Tricherie antipollution : selon Greenpeace, des "astuces comptables" masquent la faible diminution des émissions réelles de CO2

Des "astuces de comptabilité en termes de CO2" permettent aux constructeurs automobiles allemands Volkswagen, Daimler et BMW de masquer le fait que les émissions moyennes réelles de leurs nouveaux véhicules n'ont pas tant diminué, déplore Greenpeace après une analyse réalisée par sa branche allemande.

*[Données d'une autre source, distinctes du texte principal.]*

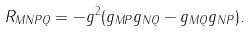<formula> <loc_0><loc_0><loc_500><loc_500>R _ { M N P Q } = - g ^ { 2 } ( g _ { M P } g _ { N Q } - g _ { M Q } g _ { N P } ) .</formula>

Selon cette analyse, "Le conte du progrès climatique", citée dans un communiqué diffusé vendredi, il ressort qu'en définitive la diminution des émissions moyennes réelles de CO2 par les nouveaux modèles de voitures Volkswagen, Daimler et BMW a été négligeable au cours de 14 dernière années. Greenpeace Allemagne a calculé que celles-ci n'ont diminué d'à peine 9% pour Daimler, 15% pour Volkswagen, et 18% pour BMW.

L'étude a calculé par exemple que pour Volkswagen, pourtant déjà concerné par le scandale des moteurs diesel truqués, 45 millions de tonnes d'émissions de CO2 supplémentaires ont été émises pour environ 3 millions de voitures VW vendues dans l'Union européenne en 2020.

"Les trois plus grands constructeurs automobiles allemands usent d'astuces de comptabilité pour dissimuler leur impact climatique. Sur papier, VW, Daimler et BMW prétendent protéger le climat, alors qu'en réalité leurs voitures sont presque aussi polluantes aujourd'hui qu'il y a 14 ans", déclare Elodie Mertz, experte Mobilité chez Greenpeace.

L'ONG de défense de l'environnement remet en cause à cet effet au moins cinq lacunes dans les normes européennes en matière de CO2 pour les voitures. Parmi celles-ci, Greenpeace cite le "facteur poids" qui favorise les constructeurs de voitures lourdes, les "super-crédits" qui offrent une pondération plus forte pour les véhicules électriques, des "éco-innovations" au rôle pourtant limité et surtout des chiffres de consommation de carburant irréalistes.

"La revendication de 95 grammes (de CO2/km autorisé, NDLR) s'avère être une valeur purement fictive. Elle n'a rien à voir avec les émissions réelles de CO2 des des voitures neuves. (...) En profitant des lacunes dans la législation sur le CO2 et dans les règles de mesure au banc d'essai, la plupart des constructeurs ont réussi à atteindre les objectifs européens sans réduire de manière significative la consommation réelle de carburant de leurs voitures à des niveaux inférieurs à ceux des années 2000. Ce n'est pas une 'ingénierie ingénieuse' qui a rendu cette cette réduction magique du CO2, mais un lobbying acharné", rend compte l'analyse.

Le lobby automobile allemand en particulier a "systématiquement affaibli les normes européennes de CO2 au fil des ans", déplore l'ONG.

Greenpeace appelle une nouvelle fois à l'évidence de "passer le plus rapidement possible à des véhicules qui ne consomment pas d'énergie fossile". Une date butoir pour la vente de voitures et camionnettes à moteur à combustion devrait être établie à l'horizon 2028 au plus tard, préconise Greenpeace.

Les normes européennes d'émissions de CO2 doivent être révisées d'ici le mois de juin par la Commission européenne qui devrait formuler un calendrier pour l'interdiction de ce type de véhicules dans l'UE.